**PROBLEM REQUIREMENTS**
Among the entries below, how many lines contain "degrees"? Answer with the number only.

****************************************

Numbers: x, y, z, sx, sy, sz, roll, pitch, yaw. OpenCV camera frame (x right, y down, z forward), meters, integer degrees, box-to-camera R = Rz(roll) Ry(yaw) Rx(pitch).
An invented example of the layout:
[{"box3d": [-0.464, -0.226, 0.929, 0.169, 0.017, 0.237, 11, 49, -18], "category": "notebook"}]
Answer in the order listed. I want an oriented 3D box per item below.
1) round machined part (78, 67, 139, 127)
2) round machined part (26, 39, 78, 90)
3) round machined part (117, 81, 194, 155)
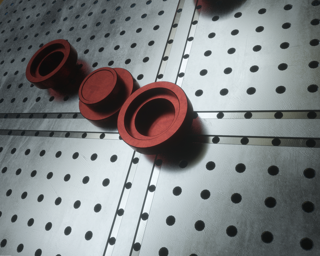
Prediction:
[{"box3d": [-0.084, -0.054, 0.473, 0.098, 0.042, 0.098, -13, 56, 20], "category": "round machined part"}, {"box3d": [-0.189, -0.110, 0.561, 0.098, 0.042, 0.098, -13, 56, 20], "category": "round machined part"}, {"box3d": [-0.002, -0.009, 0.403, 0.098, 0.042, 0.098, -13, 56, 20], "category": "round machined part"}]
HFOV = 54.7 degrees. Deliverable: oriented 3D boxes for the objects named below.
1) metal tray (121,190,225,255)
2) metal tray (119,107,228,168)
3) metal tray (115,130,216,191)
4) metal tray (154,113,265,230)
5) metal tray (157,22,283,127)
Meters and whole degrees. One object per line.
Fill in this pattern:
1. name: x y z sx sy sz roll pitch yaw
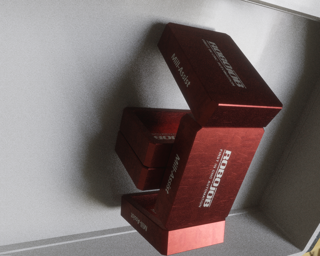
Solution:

****************************************

**WRITTEN RESPONSE**
3